→ **Directions**: Locate the line that contains "- bench vise [73,430,104,458]". Print it and every subsequent line through the final line of the records, exactly and only those.

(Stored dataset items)
.....

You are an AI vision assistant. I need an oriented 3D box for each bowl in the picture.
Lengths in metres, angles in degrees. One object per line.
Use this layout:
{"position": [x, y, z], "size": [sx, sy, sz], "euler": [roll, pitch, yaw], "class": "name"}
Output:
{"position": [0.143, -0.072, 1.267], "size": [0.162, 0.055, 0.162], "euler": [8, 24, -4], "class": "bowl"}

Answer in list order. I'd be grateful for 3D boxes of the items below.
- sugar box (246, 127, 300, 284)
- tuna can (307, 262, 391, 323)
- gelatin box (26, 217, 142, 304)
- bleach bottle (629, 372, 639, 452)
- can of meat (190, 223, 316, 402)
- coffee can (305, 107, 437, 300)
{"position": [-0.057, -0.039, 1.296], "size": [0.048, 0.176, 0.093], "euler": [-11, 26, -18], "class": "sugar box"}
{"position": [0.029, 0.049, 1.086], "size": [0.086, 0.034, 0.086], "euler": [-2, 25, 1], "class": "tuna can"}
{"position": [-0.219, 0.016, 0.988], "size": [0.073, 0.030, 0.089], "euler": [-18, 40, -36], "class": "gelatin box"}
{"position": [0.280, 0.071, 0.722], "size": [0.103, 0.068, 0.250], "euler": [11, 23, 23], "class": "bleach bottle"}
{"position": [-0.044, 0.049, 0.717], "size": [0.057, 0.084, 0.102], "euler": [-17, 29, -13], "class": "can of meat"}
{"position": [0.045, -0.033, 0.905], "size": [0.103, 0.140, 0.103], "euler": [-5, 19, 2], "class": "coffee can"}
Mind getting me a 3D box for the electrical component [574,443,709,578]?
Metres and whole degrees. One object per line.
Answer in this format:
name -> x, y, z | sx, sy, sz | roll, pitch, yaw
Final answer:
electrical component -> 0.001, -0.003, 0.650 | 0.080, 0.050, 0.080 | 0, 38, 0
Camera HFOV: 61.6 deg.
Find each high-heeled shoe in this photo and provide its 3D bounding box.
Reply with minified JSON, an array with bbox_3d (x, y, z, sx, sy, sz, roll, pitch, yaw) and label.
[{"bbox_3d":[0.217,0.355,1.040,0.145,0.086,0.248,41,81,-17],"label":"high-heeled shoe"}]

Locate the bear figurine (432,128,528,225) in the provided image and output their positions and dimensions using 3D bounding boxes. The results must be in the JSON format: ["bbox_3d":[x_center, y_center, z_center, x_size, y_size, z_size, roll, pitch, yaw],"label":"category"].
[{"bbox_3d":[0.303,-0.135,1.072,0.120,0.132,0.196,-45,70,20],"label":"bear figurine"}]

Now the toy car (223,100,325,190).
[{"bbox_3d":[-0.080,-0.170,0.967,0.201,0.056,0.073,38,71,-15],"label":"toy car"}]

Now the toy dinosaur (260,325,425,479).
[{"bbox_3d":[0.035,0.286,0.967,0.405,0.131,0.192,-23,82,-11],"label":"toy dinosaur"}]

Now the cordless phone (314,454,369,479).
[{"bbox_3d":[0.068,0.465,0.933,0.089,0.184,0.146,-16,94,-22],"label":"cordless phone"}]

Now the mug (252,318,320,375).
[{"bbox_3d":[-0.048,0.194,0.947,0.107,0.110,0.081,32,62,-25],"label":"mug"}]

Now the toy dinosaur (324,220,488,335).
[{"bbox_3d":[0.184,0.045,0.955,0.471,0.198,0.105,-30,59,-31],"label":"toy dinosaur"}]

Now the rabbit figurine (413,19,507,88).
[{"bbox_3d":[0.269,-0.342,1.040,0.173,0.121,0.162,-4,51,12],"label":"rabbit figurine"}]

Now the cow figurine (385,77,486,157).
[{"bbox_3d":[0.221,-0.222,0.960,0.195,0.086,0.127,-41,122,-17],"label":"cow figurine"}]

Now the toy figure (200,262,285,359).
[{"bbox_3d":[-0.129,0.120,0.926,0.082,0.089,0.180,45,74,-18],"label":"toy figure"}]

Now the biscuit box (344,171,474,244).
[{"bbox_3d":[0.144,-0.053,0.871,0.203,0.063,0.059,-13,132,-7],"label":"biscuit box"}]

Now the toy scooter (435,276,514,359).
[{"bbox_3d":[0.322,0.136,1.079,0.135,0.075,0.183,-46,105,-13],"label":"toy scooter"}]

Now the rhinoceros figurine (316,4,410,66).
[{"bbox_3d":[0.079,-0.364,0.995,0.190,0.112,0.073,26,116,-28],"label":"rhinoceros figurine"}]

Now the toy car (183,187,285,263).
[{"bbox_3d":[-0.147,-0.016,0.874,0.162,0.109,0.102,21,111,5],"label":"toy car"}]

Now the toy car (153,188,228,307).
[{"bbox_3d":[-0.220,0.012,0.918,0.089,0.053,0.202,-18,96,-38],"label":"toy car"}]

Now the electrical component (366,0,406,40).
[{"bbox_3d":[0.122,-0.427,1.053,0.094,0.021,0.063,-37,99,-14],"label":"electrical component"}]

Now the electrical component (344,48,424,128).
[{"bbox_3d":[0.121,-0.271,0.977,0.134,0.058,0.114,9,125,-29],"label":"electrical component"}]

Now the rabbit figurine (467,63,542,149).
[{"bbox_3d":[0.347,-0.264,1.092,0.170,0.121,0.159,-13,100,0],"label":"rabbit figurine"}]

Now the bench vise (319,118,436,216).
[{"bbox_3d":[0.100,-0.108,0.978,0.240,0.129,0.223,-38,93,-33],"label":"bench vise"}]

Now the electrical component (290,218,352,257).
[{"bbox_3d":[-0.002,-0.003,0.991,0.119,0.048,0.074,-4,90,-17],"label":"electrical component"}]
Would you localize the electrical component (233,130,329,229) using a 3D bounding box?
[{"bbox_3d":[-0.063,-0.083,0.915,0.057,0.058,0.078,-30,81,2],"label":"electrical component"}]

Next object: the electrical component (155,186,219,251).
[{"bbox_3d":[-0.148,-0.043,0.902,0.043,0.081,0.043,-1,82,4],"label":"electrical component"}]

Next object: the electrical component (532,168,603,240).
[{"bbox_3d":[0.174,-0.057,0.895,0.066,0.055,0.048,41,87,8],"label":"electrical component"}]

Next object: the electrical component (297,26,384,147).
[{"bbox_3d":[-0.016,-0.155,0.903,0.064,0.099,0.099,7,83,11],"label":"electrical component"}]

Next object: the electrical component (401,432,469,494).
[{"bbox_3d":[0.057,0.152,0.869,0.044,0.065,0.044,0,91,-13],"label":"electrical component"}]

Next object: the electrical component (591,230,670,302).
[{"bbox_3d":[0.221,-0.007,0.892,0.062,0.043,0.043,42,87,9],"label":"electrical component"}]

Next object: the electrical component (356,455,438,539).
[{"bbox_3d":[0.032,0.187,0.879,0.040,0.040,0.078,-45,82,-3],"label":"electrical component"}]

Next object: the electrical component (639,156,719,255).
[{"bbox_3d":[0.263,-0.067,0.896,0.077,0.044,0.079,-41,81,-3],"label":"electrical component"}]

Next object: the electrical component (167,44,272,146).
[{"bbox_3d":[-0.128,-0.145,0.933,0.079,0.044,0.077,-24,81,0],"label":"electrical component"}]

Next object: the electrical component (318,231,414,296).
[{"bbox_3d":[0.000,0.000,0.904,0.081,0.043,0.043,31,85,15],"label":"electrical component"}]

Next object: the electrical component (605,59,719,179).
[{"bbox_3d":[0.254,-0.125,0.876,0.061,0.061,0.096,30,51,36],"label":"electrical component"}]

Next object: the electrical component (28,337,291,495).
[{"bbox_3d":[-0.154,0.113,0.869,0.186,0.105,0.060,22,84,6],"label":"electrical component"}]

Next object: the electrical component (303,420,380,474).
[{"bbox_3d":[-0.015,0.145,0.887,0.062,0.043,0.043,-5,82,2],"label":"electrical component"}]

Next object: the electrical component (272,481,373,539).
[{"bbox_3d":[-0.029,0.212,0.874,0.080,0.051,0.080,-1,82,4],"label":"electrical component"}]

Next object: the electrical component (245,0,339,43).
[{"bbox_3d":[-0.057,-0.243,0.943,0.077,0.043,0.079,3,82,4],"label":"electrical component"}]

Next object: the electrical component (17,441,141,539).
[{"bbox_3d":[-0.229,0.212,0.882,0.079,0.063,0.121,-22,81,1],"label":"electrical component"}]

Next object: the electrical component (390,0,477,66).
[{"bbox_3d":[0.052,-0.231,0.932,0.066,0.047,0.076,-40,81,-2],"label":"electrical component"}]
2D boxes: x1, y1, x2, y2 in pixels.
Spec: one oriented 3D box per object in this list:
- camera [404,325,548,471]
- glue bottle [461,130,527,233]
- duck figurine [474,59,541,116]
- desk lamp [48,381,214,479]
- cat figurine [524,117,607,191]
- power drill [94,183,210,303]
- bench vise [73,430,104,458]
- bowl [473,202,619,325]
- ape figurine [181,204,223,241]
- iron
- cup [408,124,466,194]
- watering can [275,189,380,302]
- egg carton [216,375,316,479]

.....

→ **Output for this exercise**:
- bench vise [73,430,104,458]
- bowl [473,202,619,325]
- ape figurine [181,204,223,241]
- iron
- cup [408,124,466,194]
- watering can [275,189,380,302]
- egg carton [216,375,316,479]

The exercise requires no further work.